Please note that as the duration increases the Log group size data (in GB) and the time taken to query increases. This will in-turn increase the billing cost for CloudWatch.

You can further saves these queries to your CloudWatch Log Insights and run them on demand.

Please update the tenant accordingly from 'console-turbot.cloud.turbot.com' to your tenant Id.
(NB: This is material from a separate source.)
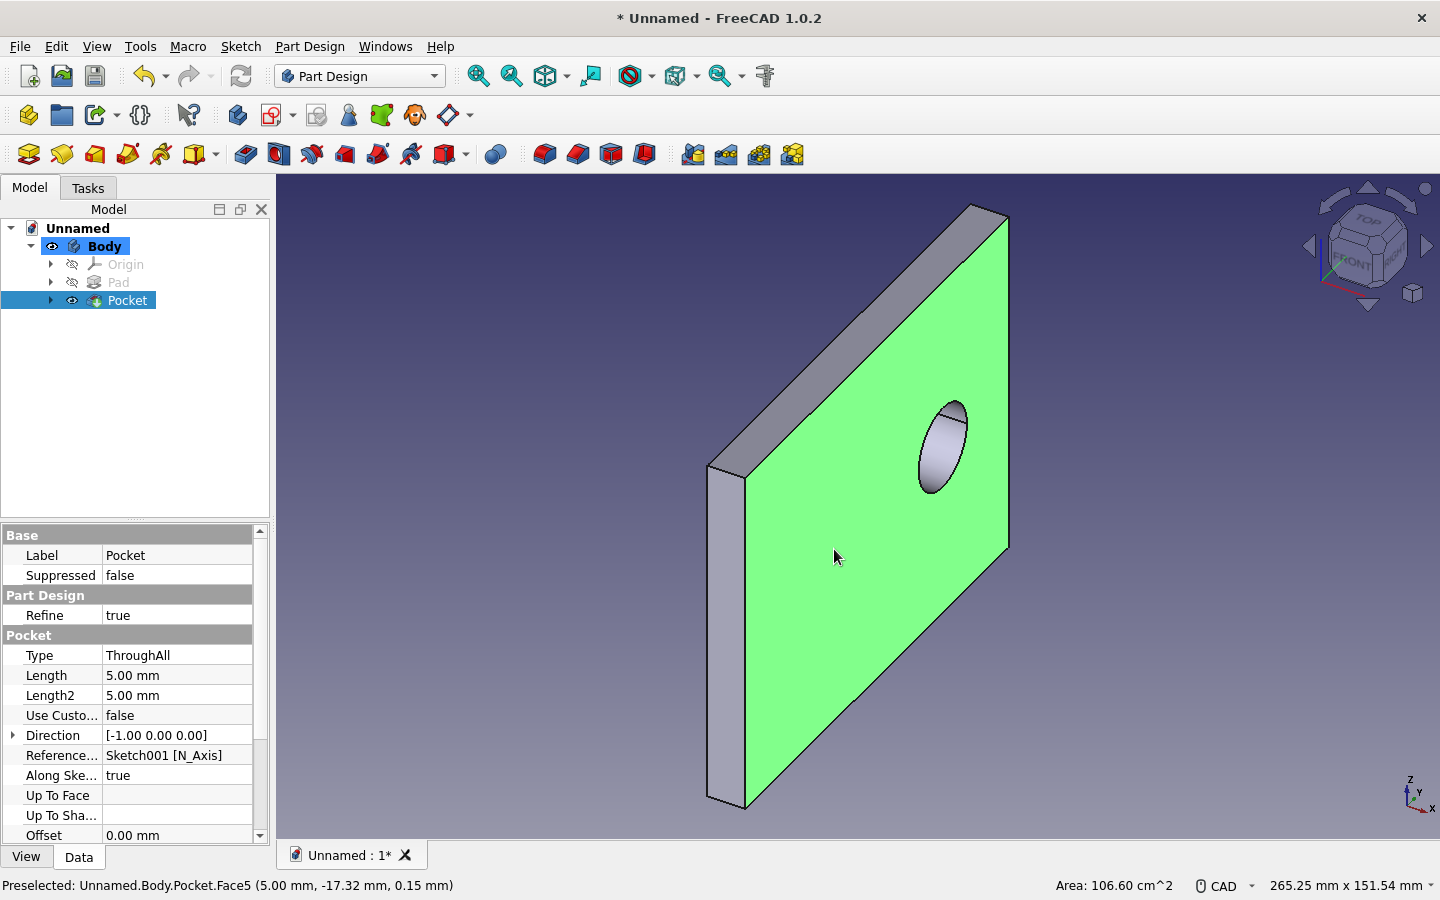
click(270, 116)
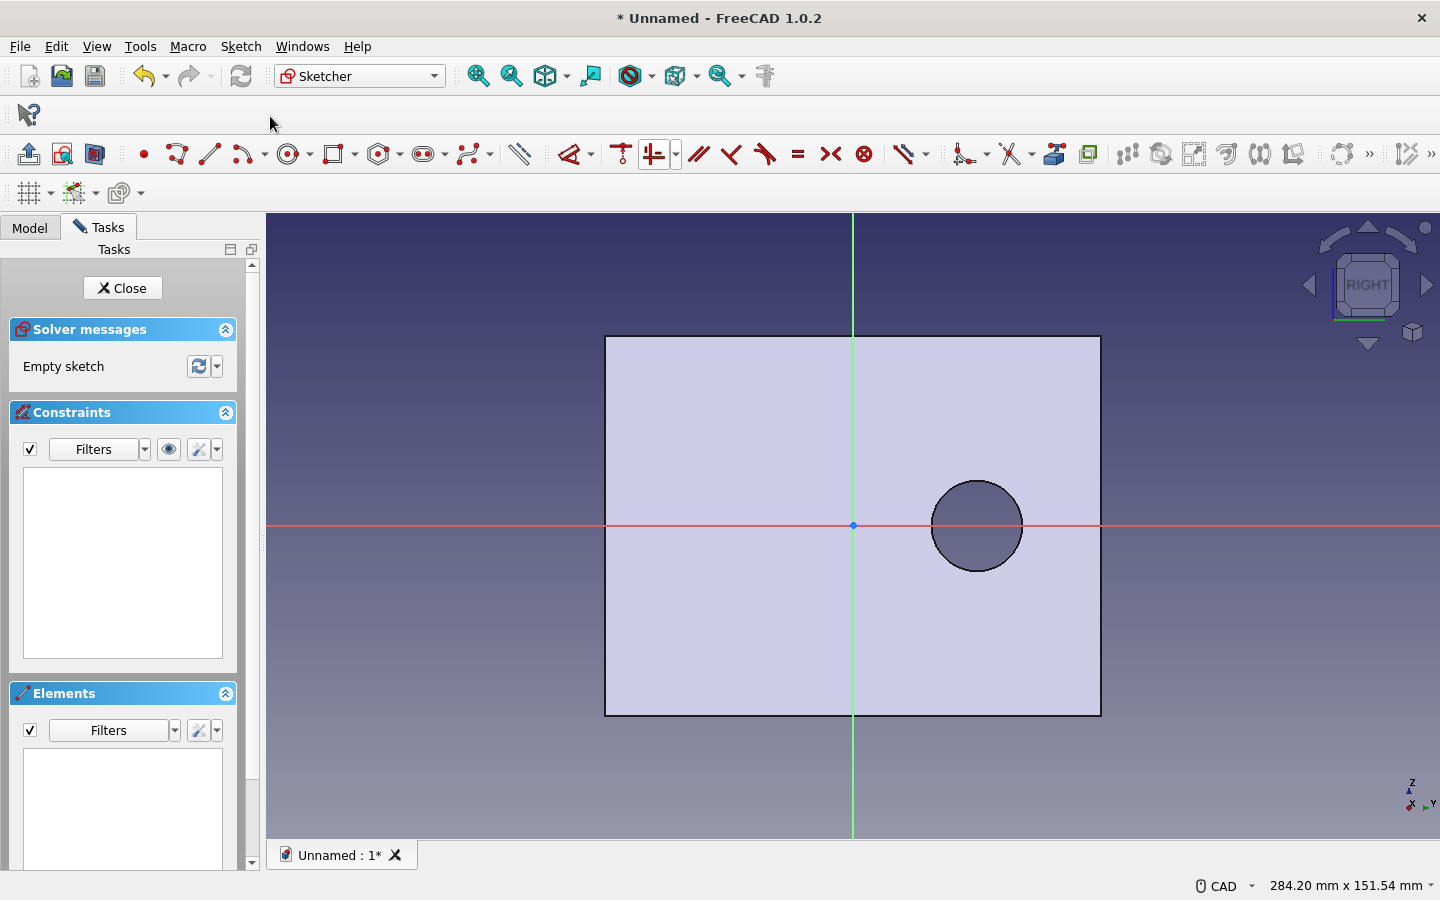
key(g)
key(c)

fields @timestamp, @message
| filter message='received SQS message' and ispresent(data.msgObj.payload.account)
| filter data.msgObj.type='event.turbot.com:External'
| stats count() as Count by data.msgObj.meta.tenantId as Tenant | sort Count desc | limit 10
fields @timestamp, @message
| filter message='received SQS message' and ispresent(data.msgObj.payload.account) and data.msgObj.meta.tenantId='console-turbot.cloud.turbot.com'
| filter data.msgObj.type='event.turbot.com:External'
| stats count() as Count by data.msgObj.meta.tenantId as Tenant, data.msgObj.payload.account as AccountId
| sort Count desc | limit 15
fields @timestamp, @message
| filter message='received SQS message' and ispresent(data.msgObj.payload.account) and ispresent(data.msgObj.payload.source) and data.msgObj.meta.tenantId='console-turbot.cloud.turbot.com'
| filter data.msgObj.type='event.turbot.com:External'
| stats count() as Count by data.msgObj.meta.tenantId as Tenant, data.msgObj.payload.source as Source
| sort Count desc | limit 15
fields @timestamp, @message
| filter message='received SQS message' and ispresent(data.msgObj.payload.account) and ispresent(data.msgObj.payload.source) and data.msgObj.meta.tenantId='console-turbot.cloud.turbot.com' and data.msgObj.payload.account='123456789012'
| filter data.msgObj.type='event.turbot.com:External'
| stats count() as Count by data.msgObj.meta.tenantId as Tenant, data.msgObj.payload.account as AccountId, data.msgObj.payload.source as Source, data.msgObj.meta.eventRaw as EventName
| sort Count desc | limit 15
fields @timestamp, @message
| filter message='received SQS message' and ispresent(data.msgObj.payload.account) and ispresent(data.msgObj.payload.source) and data.msgObj.meta.tenantId='console-turbot.cloud.turbot.com' and data.msgObj.payload.source='aws.tagging'
| filter data.msgObj.type='event.turbot.com:External'
| stats count() as Count by data.msgObj.meta.tenantId as Tenant, data.msgObj.payload.account as AccountId, data.msgObj.payload.source as Source
| sort Count desc | limit 15

How to fix an event flood?

As an immediate fix, you can move the noisy workspace to a separate TE version so that the neighbouring workspaces are not facing any performance issues or throttles.

If the event is coming from Event Poller, update the policy AWS > Turbot > Event Poller > Excluded Events to exclude the event.

Talk to the respective internal team explaining the issue and ask them to look into the internal automations if any, and/or turn off policies wherever applicable.